Klaagster vraagt zich voorts af of vaccins geneesmiddelen zijn en zo ja, dan acht klaagster de uiting ook in strijd met artikel 23 van de Code publieksreclame voor geneesmiddelen.
Het verweer
Verweerder heeft, samengevat, het volgende verweer gevoerd.

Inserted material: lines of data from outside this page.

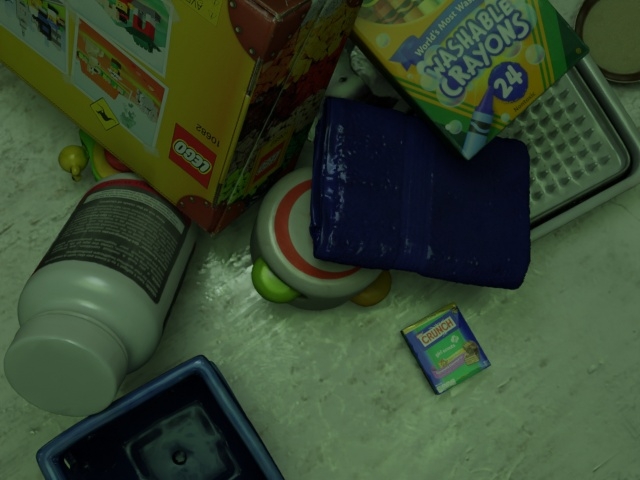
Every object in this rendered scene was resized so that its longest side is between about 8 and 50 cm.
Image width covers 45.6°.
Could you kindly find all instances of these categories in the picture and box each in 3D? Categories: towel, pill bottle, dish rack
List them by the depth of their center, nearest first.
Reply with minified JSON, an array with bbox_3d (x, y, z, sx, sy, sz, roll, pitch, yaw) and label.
[{"bbox_3d":[-0.275,0.063,0.979,0.176,0.176,0.318,9,36,1],"label":"pill bottle"},{"bbox_3d":[0.135,-0.058,1.032,0.308,0.076,0.227,10,73,-15],"label":"towel"},{"bbox_3d":[0.299,-0.144,1.165,0.333,0.072,0.285,-28,80,-6],"label":"dish rack"}]

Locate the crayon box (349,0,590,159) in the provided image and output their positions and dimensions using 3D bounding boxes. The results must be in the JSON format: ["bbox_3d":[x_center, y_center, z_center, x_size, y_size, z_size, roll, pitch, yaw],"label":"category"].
[{"bbox_3d":[0.149,-0.286,0.957,0.203,0.083,0.323,-43,96,4],"label":"crayon box"}]

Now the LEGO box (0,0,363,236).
[{"bbox_3d":[-0.229,-0.306,0.962,0.500,0.372,0.193,39,51,9],"label":"LEGO box"}]

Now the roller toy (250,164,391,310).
[{"bbox_3d":[0.000,0.000,1.093,0.209,0.146,0.191,-1,75,-11],"label":"roller toy"}]

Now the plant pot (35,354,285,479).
[{"bbox_3d":[-0.185,0.295,0.989,0.236,0.212,0.236,-31,87,-6],"label":"plant pot"}]

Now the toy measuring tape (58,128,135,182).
[{"bbox_3d":[-0.218,-0.117,1.136,0.330,0.121,0.121,-5,79,-12],"label":"toy measuring tape"}]

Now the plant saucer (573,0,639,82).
[{"bbox_3d":[0.487,-0.333,1.207,0.168,0.029,0.168,1,93,13],"label":"plant saucer"}]

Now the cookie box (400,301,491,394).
[{"bbox_3d":[0.182,0.158,1.118,0.092,0.040,0.107,-28,80,-6],"label":"cookie box"}]
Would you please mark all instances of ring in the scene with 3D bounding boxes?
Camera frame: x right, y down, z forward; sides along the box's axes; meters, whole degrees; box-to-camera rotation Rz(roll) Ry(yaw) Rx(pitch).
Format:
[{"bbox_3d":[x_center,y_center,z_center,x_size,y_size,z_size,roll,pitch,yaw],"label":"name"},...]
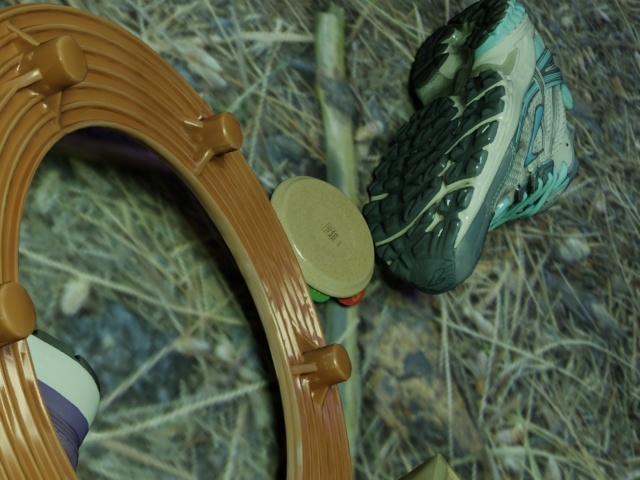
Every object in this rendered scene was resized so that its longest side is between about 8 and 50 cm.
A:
[{"bbox_3d":[-0.059,0.048,0.596,0.336,0.032,0.336,50,29,-42],"label":"ring"}]

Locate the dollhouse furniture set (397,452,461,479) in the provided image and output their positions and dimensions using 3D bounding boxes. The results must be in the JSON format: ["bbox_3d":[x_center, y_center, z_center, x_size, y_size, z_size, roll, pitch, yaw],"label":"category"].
[{"bbox_3d":[0.082,0.196,0.708,0.182,0.101,0.161,52,15,-3],"label":"dollhouse furniture set"}]

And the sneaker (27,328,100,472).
[{"bbox_3d":[-0.211,0.053,0.478,0.283,0.107,0.124,31,50,-27],"label":"sneaker"}]

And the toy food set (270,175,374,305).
[{"bbox_3d":[0.000,0.000,0.791,0.082,0.020,0.083,42,40,-17],"label":"toy food set"}]

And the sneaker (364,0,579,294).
[{"bbox_3d":[0.122,-0.056,0.888,0.122,0.110,0.283,44,40,-19],"label":"sneaker"}]
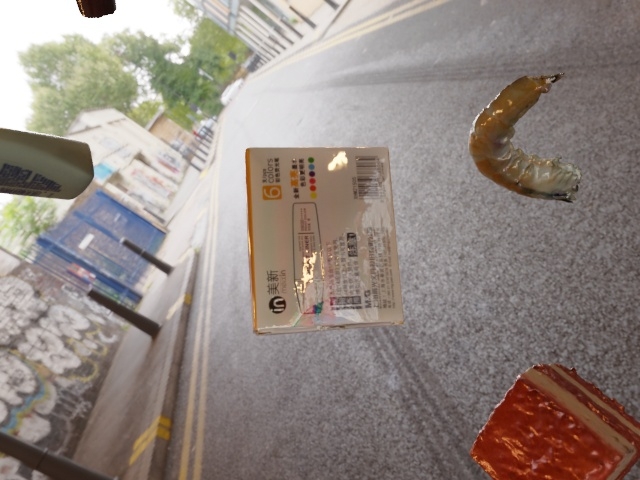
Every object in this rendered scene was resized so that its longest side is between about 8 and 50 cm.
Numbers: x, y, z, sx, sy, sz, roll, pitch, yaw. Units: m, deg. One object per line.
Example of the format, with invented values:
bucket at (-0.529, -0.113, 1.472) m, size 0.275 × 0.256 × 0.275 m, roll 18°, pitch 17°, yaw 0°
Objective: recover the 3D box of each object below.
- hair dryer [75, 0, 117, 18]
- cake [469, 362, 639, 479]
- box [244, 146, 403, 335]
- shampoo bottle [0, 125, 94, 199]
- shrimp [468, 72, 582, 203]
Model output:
hair dryer at (-0.238, -0.393, 0.688) m, size 0.123 × 0.340 × 0.313 m, roll -48°, pitch -22°, yaw -31°
cake at (0.527, 0.455, 1.216) m, size 0.269 × 0.319 × 0.270 m, roll 41°, pitch 108°, yaw 38°
box at (0.000, 0.000, 0.797) m, size 0.091 × 0.220 × 0.274 m, roll 125°, pitch 144°, yaw -75°
shampoo bottle at (-0.477, -0.115, 0.690) m, size 0.134 × 0.359 × 0.078 m, roll -23°, pitch 74°, yaw 35°
shrimp at (0.360, -0.176, 0.979) m, size 0.185 × 0.287 × 0.068 m, roll -3°, pitch 47°, yaw 30°

De klacht richt zich tegen voorlichting die in het kader van de jaarlijkse vaccinatiedagen worden gegeven. Ouders van kinderen die in aanmerking komen voor vaccinatie (de laatste DTP- en BMR-prik voor 9-jarigen en de reeks HPV-vaccinaties voor 13-jarige meisjes) ontvangen een uitnodigingsbrief om hun kind te laten vaccineren. In deze brief staat onder meer “Lees voor meer informatie het nieuwsbericht op www.cjg(naam lokatie).nl. Of kijk met uw kind op www.ikbengeenwatje.nl”. Na de vaccinatie krijgen de kinderen een armbandje met de tekst “Ik ben geen watje”. De actie “ik ben geen watje” is geen reclame gericht op kinderen. Ouders ontvangen de uitnodigingsbrief. Voorts worden “geen goederen of diensten direct of indirect aangeprezen”. Ouders zijn vrij in hen keuze hun kind al dan niet te laten vaccineren en kunnen desgewenst de voor ouder en kind ondersteunende informatie raadplegen. Doel van de gewraakte uiting is om kinderen over hun (mogelijke) angst voor de prik heen te helpen. Ouders die hun kind niet willen laten vaccineren kunnen de uitnodigingsbrief naast zich neerleggen en hun kinderen zullen dan ook niet naar de bewuste pagina worden geleid. Verweerder ziet niet in dat (het dragen van) een bandjes aanleiding kan geven tot pesten.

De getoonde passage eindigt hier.